● **REQUIRED WORK**:
Each line of the listing where the string "DASHED" appears is to be identified and copied.

● **AVAILABLE RECORDS**:

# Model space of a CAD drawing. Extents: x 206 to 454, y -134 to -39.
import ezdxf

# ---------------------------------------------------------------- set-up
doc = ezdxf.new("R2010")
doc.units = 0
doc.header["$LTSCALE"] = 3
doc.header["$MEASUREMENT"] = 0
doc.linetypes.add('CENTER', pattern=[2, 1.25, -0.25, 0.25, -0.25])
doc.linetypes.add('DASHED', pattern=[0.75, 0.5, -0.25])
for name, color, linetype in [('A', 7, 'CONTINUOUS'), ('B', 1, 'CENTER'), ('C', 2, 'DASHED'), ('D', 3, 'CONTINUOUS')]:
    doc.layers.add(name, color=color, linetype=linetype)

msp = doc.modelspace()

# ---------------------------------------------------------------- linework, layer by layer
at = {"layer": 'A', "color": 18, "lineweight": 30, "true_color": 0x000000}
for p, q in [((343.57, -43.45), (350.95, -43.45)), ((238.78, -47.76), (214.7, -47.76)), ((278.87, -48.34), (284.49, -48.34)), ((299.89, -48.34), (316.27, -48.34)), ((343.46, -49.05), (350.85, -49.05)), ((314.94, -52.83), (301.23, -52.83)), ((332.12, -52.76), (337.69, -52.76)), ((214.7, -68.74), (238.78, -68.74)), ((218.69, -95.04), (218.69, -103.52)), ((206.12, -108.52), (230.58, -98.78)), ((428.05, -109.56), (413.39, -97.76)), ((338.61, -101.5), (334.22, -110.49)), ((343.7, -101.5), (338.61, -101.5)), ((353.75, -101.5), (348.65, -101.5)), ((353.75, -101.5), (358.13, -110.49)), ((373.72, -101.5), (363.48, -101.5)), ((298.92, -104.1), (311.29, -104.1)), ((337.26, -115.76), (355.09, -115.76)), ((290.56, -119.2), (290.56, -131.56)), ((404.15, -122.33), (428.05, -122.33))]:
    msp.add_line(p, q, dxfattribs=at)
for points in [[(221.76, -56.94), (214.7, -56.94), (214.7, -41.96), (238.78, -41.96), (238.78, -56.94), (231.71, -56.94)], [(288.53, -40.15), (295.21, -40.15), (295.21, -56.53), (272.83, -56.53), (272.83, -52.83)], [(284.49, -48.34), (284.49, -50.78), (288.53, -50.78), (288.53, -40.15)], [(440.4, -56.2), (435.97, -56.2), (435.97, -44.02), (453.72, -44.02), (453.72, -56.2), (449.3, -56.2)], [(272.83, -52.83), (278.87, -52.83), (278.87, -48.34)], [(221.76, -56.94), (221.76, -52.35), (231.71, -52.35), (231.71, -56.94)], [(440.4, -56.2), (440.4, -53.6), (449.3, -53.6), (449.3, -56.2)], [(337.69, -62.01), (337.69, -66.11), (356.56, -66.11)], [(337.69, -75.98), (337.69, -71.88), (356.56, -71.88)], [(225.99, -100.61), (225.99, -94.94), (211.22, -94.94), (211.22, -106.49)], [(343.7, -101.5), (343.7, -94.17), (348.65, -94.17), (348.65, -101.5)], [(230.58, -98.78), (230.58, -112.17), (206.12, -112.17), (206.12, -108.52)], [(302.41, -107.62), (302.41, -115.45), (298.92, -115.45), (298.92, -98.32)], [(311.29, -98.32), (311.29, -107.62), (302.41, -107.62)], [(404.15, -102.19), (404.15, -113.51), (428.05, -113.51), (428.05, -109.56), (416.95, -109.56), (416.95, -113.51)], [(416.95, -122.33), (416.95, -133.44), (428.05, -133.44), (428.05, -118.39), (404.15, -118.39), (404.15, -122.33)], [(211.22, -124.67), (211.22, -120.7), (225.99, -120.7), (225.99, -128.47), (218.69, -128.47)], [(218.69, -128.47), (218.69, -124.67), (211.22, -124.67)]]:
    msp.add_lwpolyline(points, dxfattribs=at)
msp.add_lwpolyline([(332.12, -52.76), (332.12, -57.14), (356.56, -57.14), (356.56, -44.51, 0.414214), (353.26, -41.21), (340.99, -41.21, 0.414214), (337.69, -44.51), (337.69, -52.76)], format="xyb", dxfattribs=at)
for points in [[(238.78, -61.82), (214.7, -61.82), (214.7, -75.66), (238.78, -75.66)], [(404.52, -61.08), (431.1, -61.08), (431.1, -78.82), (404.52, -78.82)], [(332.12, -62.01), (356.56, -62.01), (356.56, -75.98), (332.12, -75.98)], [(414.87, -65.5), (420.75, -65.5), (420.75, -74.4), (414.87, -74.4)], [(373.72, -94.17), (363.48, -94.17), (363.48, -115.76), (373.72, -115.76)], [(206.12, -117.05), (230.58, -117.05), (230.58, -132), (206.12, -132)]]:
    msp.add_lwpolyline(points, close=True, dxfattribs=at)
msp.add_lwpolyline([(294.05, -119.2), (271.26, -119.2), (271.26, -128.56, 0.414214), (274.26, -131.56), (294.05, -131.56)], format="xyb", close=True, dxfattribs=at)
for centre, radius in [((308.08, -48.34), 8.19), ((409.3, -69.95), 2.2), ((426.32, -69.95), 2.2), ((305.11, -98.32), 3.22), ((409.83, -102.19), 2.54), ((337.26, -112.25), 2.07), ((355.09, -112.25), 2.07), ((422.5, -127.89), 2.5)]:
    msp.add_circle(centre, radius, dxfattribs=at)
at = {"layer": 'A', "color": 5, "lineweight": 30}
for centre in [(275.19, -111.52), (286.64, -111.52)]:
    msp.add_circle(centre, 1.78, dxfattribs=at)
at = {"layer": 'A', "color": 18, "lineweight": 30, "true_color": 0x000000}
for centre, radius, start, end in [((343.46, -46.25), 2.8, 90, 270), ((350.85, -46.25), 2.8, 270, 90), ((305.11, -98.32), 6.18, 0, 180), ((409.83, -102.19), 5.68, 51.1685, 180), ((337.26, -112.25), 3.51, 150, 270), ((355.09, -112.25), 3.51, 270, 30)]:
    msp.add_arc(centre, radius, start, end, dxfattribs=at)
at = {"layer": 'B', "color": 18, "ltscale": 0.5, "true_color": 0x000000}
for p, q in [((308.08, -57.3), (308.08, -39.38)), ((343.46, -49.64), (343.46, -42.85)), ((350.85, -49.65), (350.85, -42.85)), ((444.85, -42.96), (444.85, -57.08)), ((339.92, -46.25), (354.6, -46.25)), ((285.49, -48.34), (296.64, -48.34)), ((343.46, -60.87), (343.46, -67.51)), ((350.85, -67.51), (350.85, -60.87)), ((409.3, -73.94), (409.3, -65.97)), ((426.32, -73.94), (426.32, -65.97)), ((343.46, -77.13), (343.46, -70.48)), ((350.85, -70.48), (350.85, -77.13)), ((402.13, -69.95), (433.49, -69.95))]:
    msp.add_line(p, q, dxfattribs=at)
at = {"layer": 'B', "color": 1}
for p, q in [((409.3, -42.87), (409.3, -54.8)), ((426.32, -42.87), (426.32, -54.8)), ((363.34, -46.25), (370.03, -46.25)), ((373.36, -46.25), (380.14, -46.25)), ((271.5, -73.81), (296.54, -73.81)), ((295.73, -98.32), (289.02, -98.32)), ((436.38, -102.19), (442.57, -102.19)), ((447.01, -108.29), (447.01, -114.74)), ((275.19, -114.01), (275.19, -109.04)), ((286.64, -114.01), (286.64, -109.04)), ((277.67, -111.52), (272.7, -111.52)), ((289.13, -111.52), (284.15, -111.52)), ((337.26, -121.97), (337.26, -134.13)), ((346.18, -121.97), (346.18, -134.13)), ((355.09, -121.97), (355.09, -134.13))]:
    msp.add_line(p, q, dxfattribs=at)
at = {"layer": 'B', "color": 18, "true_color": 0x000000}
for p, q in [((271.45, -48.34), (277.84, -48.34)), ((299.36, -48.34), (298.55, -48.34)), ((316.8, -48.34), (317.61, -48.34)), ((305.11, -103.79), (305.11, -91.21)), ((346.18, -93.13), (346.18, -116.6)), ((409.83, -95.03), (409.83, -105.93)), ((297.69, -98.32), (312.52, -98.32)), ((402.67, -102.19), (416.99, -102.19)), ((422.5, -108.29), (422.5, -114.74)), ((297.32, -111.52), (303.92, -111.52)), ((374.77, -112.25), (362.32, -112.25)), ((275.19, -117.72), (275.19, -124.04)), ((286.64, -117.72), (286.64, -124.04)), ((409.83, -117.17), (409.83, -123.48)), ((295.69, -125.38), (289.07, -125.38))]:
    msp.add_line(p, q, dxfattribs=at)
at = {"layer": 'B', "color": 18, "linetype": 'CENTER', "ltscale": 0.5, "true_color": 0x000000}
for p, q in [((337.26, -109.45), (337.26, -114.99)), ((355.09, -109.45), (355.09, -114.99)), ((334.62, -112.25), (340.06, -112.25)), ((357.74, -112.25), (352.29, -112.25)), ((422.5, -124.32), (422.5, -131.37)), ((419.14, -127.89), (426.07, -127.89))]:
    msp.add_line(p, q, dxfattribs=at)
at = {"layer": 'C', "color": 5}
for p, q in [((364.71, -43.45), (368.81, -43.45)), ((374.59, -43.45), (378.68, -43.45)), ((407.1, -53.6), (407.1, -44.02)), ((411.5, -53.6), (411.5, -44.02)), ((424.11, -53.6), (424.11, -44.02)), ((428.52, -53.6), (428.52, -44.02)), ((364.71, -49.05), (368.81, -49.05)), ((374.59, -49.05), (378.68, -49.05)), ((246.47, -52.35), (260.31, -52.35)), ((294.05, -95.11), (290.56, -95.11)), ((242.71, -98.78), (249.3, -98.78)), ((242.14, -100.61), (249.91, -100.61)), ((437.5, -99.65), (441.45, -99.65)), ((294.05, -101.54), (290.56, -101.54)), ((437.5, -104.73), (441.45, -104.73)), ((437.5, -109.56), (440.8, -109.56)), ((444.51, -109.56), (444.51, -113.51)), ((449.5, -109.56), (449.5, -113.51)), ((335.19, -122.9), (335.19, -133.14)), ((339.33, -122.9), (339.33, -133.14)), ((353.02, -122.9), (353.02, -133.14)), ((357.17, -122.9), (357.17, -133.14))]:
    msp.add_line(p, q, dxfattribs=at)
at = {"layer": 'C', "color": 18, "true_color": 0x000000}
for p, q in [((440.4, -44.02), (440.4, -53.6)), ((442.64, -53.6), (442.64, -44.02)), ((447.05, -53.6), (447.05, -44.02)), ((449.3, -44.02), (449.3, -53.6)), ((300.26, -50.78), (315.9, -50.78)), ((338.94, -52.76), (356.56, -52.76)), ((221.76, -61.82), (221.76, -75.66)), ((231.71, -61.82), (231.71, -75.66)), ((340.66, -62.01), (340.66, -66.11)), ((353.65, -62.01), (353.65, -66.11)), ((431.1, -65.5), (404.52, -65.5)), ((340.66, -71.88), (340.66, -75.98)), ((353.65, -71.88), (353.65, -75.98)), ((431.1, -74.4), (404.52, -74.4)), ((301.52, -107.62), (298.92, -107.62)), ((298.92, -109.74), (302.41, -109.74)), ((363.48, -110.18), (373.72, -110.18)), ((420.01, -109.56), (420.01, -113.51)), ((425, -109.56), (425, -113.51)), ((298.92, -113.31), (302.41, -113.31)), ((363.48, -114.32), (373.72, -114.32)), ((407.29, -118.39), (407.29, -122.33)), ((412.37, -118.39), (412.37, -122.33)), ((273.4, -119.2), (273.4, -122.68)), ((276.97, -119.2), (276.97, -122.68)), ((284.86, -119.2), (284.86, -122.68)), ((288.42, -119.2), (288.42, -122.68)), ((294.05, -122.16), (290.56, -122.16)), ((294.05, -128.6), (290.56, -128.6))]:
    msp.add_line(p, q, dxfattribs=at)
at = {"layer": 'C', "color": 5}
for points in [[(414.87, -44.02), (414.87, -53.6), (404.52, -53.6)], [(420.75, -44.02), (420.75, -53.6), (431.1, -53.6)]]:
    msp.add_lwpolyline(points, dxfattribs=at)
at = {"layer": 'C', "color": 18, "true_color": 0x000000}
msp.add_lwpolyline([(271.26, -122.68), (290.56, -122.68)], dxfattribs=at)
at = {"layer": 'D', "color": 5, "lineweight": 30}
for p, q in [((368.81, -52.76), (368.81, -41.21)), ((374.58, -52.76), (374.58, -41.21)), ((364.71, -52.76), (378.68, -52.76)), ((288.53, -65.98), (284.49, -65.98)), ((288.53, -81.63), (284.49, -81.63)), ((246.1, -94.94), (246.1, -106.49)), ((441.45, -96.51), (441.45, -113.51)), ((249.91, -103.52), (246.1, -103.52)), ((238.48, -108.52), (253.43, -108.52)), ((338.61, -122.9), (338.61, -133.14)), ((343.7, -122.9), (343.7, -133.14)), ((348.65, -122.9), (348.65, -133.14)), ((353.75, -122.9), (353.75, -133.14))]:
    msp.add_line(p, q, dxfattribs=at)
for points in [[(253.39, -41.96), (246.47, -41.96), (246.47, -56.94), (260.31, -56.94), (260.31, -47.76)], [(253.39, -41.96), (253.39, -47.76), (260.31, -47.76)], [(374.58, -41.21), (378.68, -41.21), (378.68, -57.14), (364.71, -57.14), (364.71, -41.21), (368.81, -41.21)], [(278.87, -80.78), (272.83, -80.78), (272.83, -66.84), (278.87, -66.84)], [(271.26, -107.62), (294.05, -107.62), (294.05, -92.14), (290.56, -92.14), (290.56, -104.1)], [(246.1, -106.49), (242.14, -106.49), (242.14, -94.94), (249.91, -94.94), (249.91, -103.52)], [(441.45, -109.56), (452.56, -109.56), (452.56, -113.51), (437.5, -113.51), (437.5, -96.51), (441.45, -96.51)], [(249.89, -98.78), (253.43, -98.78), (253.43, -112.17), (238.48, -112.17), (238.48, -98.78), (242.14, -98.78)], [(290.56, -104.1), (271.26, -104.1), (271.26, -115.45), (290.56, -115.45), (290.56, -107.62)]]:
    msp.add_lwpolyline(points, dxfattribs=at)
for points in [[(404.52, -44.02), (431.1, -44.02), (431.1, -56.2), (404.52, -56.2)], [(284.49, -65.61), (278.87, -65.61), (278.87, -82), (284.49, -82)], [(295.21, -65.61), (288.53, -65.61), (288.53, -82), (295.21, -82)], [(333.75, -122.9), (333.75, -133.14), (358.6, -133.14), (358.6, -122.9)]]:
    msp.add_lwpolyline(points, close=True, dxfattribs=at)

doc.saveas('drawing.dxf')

● **OUTPUT FOR THIS TASK**:
doc.linetypes.add('DASHED', pattern=[0.75, 0.5, -0.25])
for name, color, linetype in [('A', 7, 'CONTINUOUS'), ('B', 1, 'CENTER'), ('C', 2, 'DASHED'), ('D', 3, 'CONTINUOUS')]:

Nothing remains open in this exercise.